Ukrainian vice admiral

Serhiy Anatoliyovych Hayduk (Сергій Анатолійович Гайдук; born 25 July 1963) is a Ukrainian Vice Admiral and a former commander of the Ukrainian Navy.

== Career ==
Before becoming commander of the Ukrainian Navy, Hayduk held the staff position in charge of anti-submarine warfare, the position of chief of search and rescue operations, and was the first deputy chief of staff of the navy. In 2007, he prevented an environmental disaster from ensuing when the leaky Russian vessel Odisk arrived in Crimea from Sierra Leone carrying ferroalloys. He was promoted to the rank of rear admiral in 2011.

Hayduk was appointed acting commander on 2 March 2014, and commander on 7 March 2014 following the defection of Denis Berezovsky during the Russian annexation of Crimea. Berezovsky had been dismissed for "high treason" after serving only a single day as commander. On 3 March 2014, Berezovsky, together with several Russian cossacks, had visited high-ranking officers of the Ukrainian Navy and asked them to change allegiance and side with the Russian armed forces in Crimea. After a speech by Hayduk, all the officers rejected the proposal and started to sing the Ukrainian national anthem.

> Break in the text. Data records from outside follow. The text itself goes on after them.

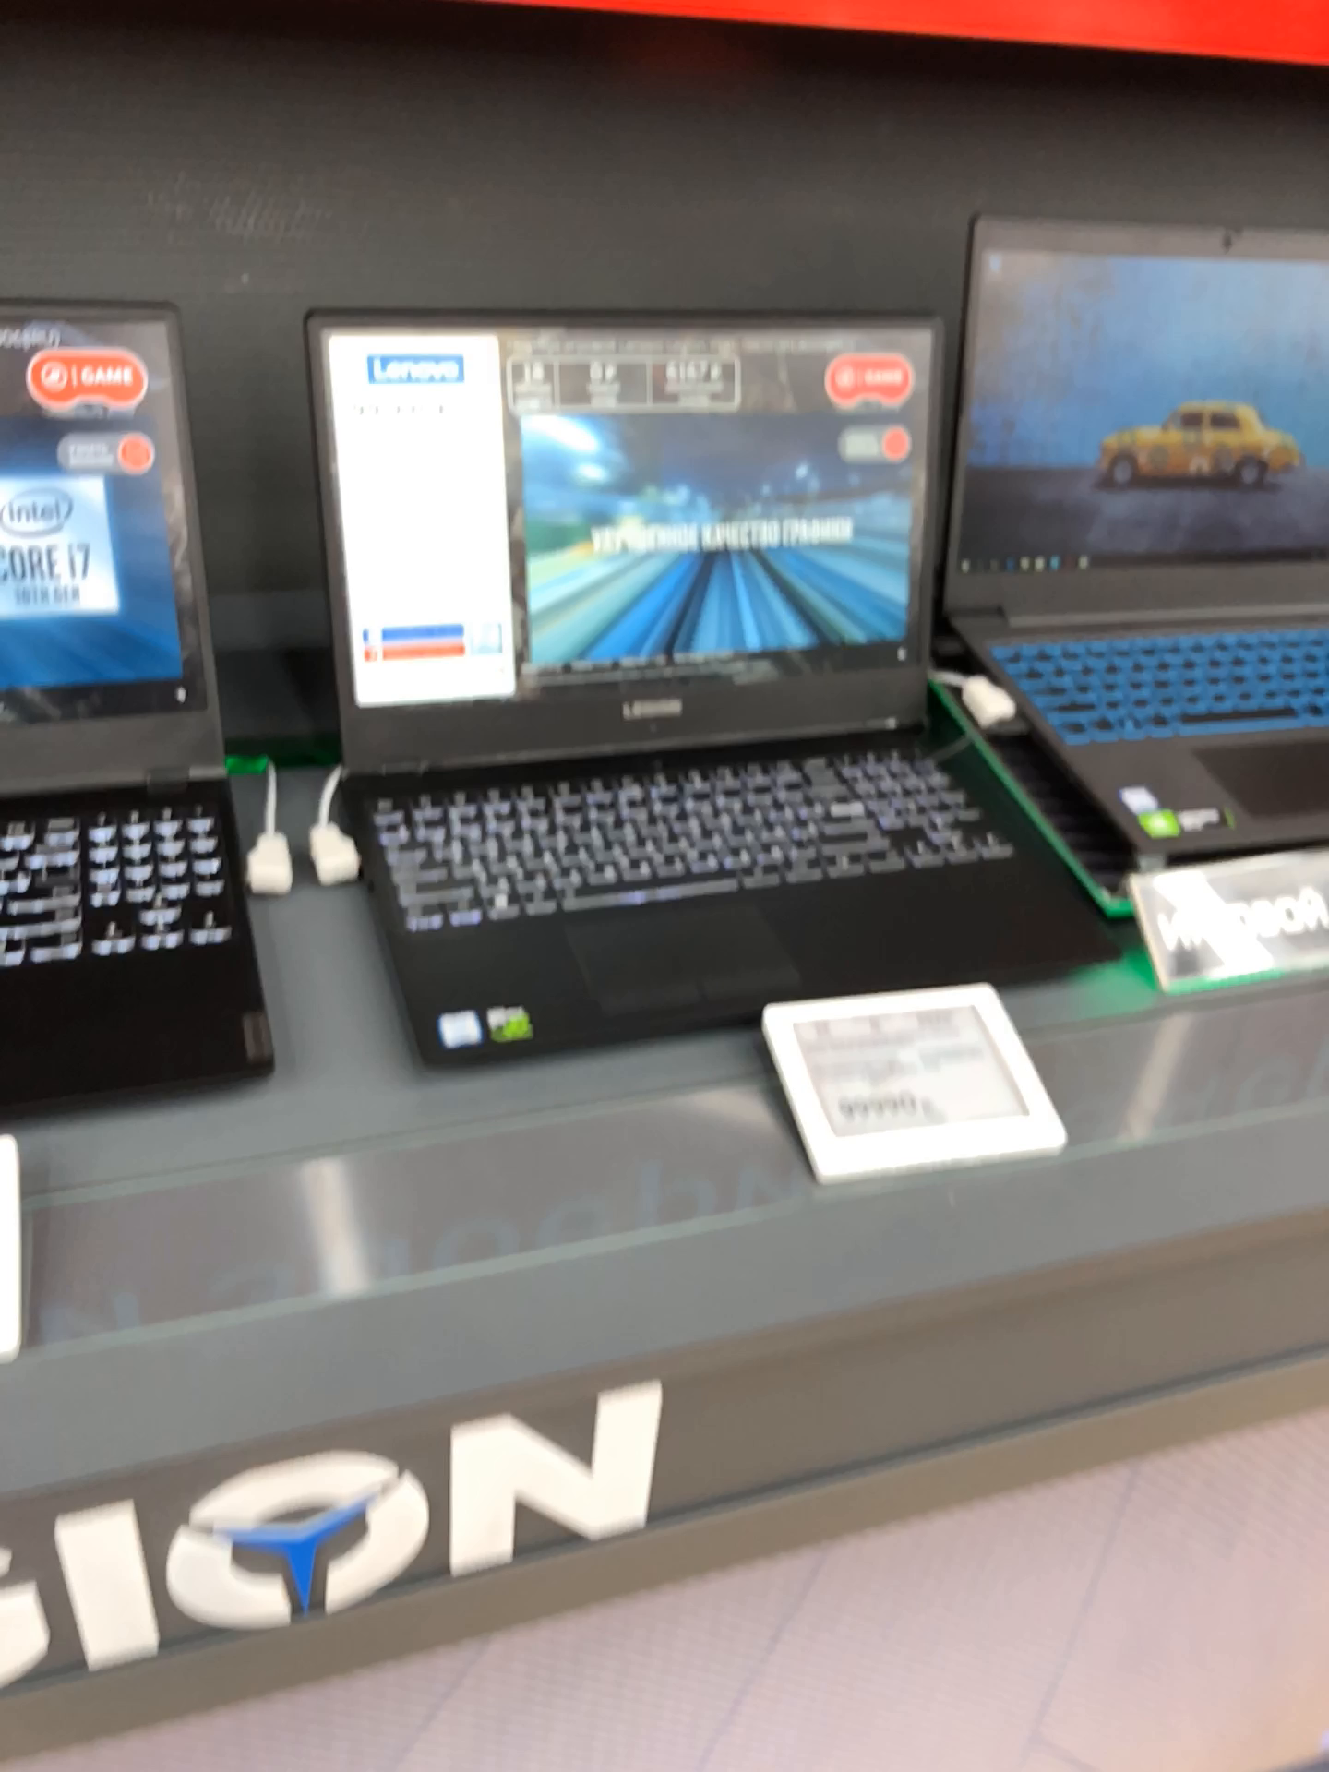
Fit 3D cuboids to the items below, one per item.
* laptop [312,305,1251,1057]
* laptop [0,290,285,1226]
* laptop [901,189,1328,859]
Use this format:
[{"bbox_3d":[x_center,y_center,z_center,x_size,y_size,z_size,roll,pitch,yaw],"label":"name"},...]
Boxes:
[{"bbox_3d":[0.026,-0.129,0.738,0.352,0.225,0.302,-7,37,-17],"label":"laptop"},{"bbox_3d":[-0.372,-0.086,0.615,0.353,0.223,0.316,-7,37,-20],"label":"laptop"},{"bbox_3d":[0.384,-0.236,0.878,0.354,0.225,0.335,-6,40,-16],"label":"laptop"}]
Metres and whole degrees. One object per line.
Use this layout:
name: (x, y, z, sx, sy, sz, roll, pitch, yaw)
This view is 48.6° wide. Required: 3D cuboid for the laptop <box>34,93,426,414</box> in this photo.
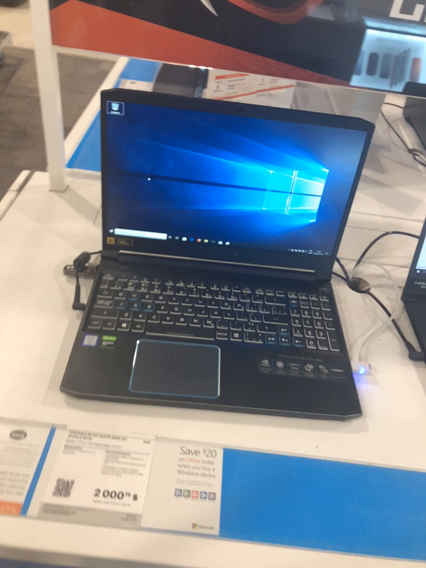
laptop: (0.019, -0.042, 0.570, 0.348, 0.230, 0.274, 6, 43, -2)
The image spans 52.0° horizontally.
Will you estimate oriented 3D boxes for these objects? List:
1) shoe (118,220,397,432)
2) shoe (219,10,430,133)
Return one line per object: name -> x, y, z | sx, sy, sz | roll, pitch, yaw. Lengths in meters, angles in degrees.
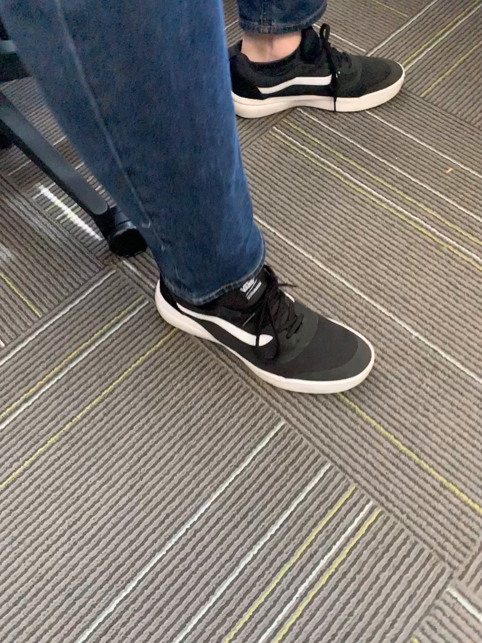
shoe -> 0.018, 0.004, 0.656 | 0.320, 0.120, 0.120 | 25, 67, 15
shoe -> 0.131, -0.424, 0.843 | 0.320, 0.110, 0.120 | -6, 63, 0
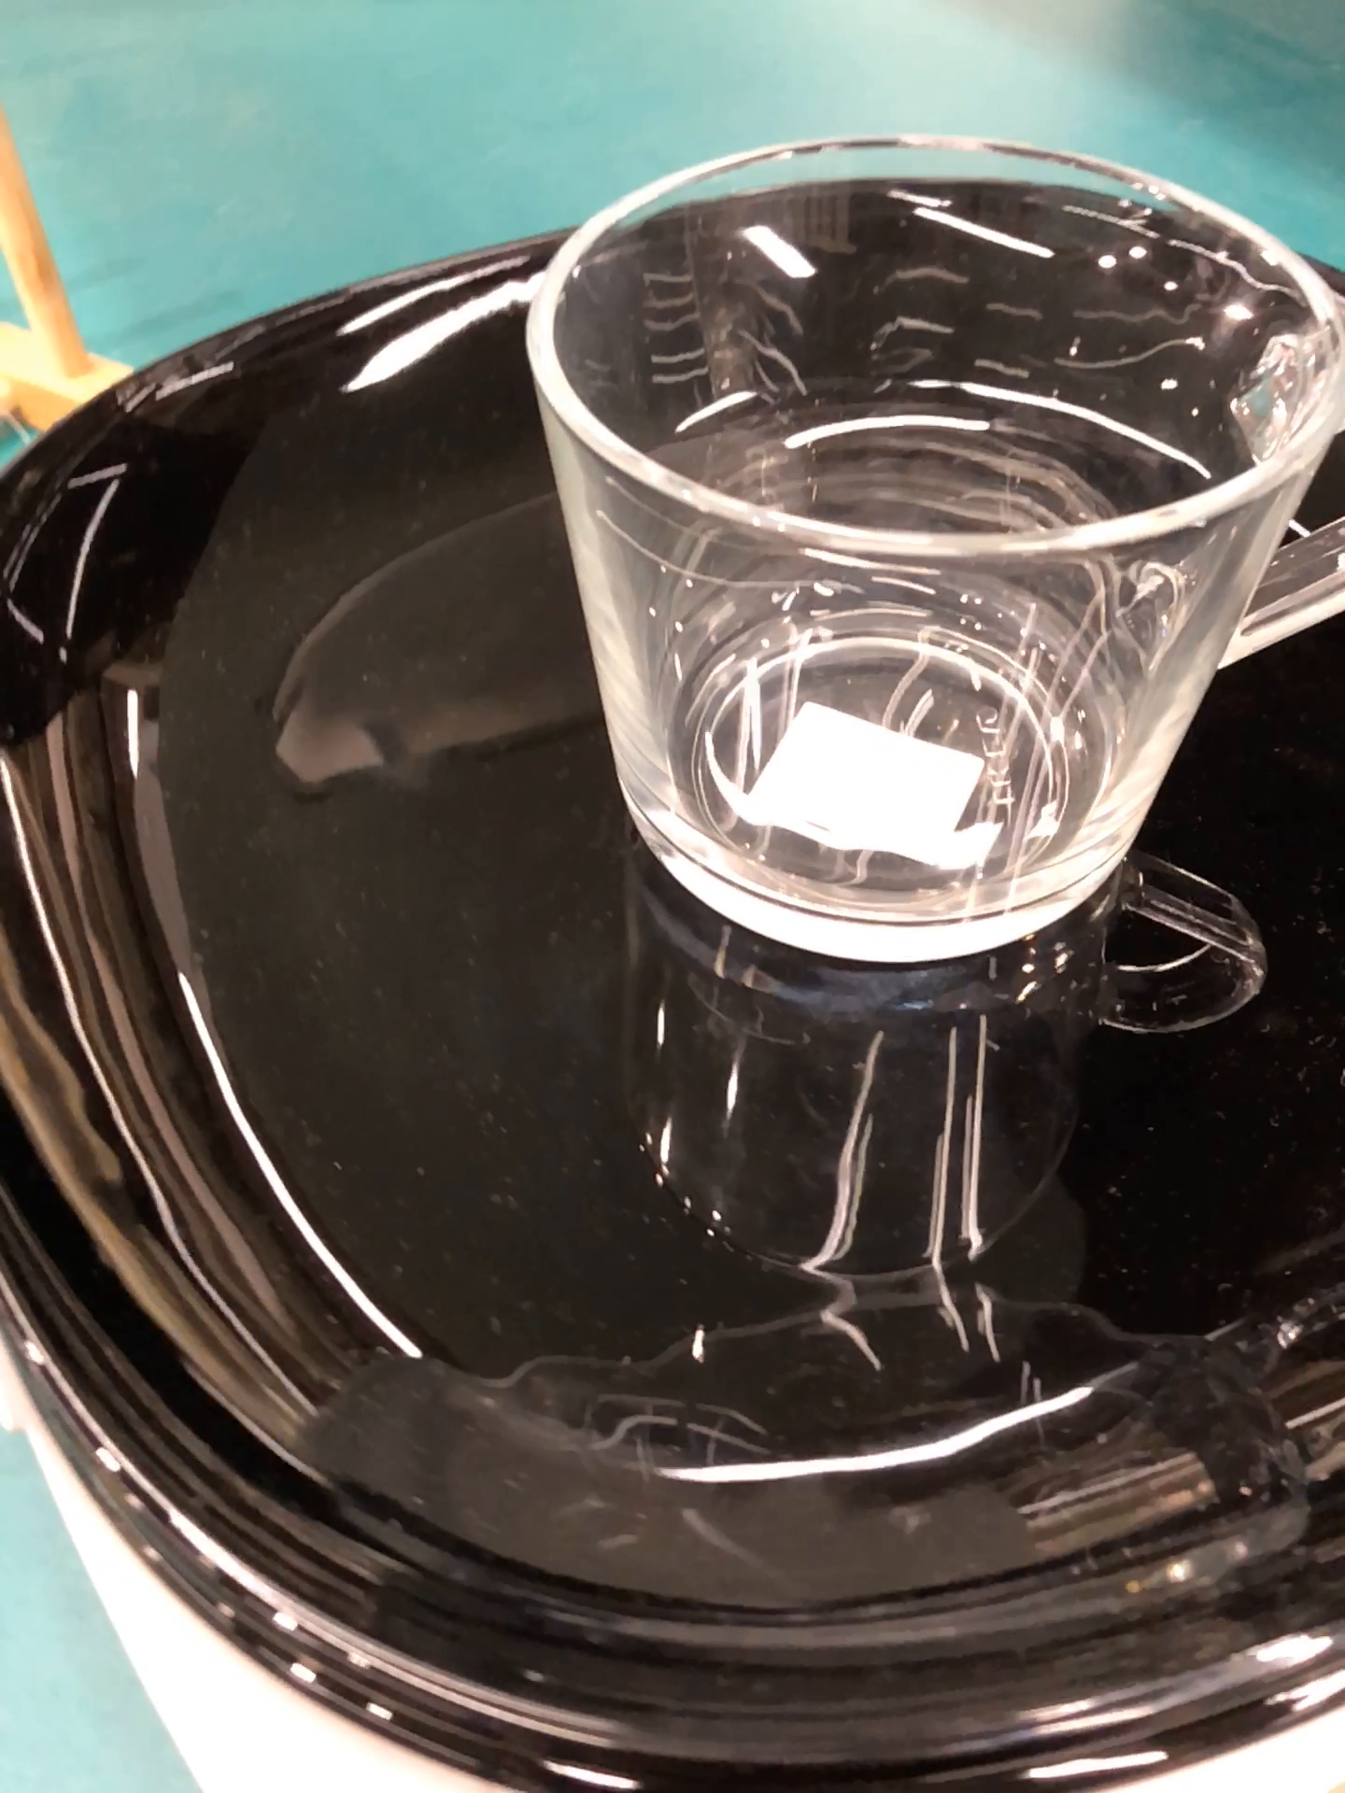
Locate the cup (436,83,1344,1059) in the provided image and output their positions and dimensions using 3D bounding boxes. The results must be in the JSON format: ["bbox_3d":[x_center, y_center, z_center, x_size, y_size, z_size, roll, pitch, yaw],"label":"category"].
[{"bbox_3d":[0.043,-0.058,0.239,0.140,0.080,0.120,-9,47,-6],"label":"cup"}]

On 19 March 2014, pro-Russian forces took over the Ukrainian Navy's headquarters at Sevastopol and imprisoned its newly appointed commander-in-chief, Hayduk. Hayduk, along with seven other hostages, was held by the pro-Russian so-called "Crimean Security Service" and most of these hostages were tortured while in captivity according to Kharkiv Human Rights Protection Group. The hostages were released by order of the Russian Defense Minister on 20 March 2014.

On 23 August 2014, Hayduk was promoted to vice admiral.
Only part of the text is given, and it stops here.